▶ **Description of the task**:
When you transcribe the lines below, keep every word the same and leave the pictures behind.

▶ **Data section**:
########################################

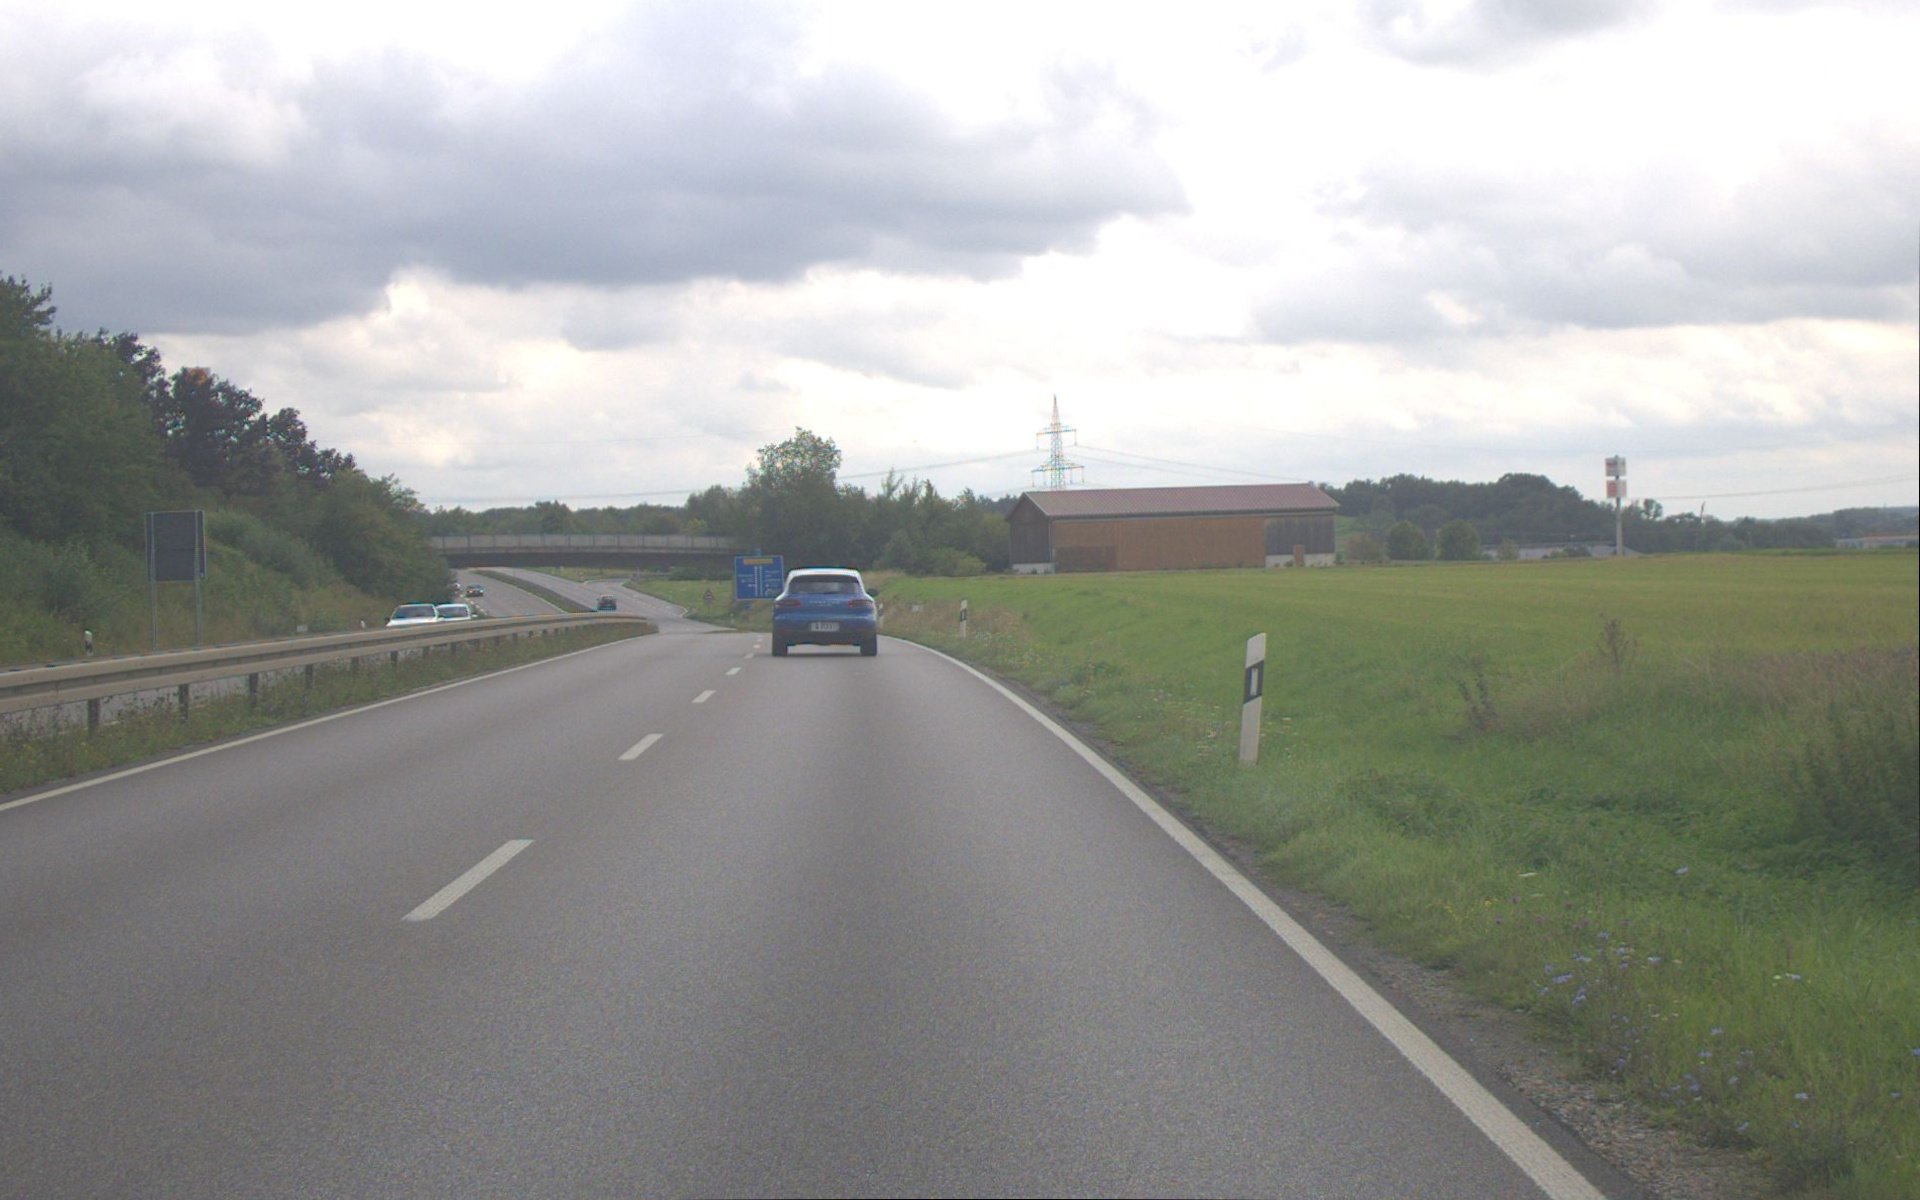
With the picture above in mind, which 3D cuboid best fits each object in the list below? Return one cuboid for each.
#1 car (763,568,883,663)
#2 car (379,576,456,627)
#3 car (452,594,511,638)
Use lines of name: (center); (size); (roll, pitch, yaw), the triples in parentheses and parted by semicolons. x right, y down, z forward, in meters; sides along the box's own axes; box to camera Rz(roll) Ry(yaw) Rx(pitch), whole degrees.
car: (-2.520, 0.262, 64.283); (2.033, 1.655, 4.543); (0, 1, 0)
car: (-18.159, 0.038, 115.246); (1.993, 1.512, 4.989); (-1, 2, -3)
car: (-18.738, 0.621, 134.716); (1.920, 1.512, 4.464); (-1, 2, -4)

########################################

▶ **Answer area**:
With the picture above in mind, which 3D cuboid best fits each object in the list below? Return one cuboid for each.
#1 car (763,568,883,663)
#2 car (379,576,456,627)
#3 car (452,594,511,638)
Use lines of name: (center); (size); (roll, pitch, yaw), the triples in parentheses and parted by semicolons. x right, y down, z forward, in meters; sides along the box's own axes; box to camera Rz(roll) Ry(yaw) Rx(pitch), whole degrees.
car: (-2.520, 0.262, 64.283); (2.033, 1.655, 4.543); (0, 1, 0)
car: (-18.159, 0.038, 115.246); (1.993, 1.512, 4.989); (-1, 2, -3)
car: (-18.738, 0.621, 134.716); (1.920, 1.512, 4.464); (-1, 2, -4)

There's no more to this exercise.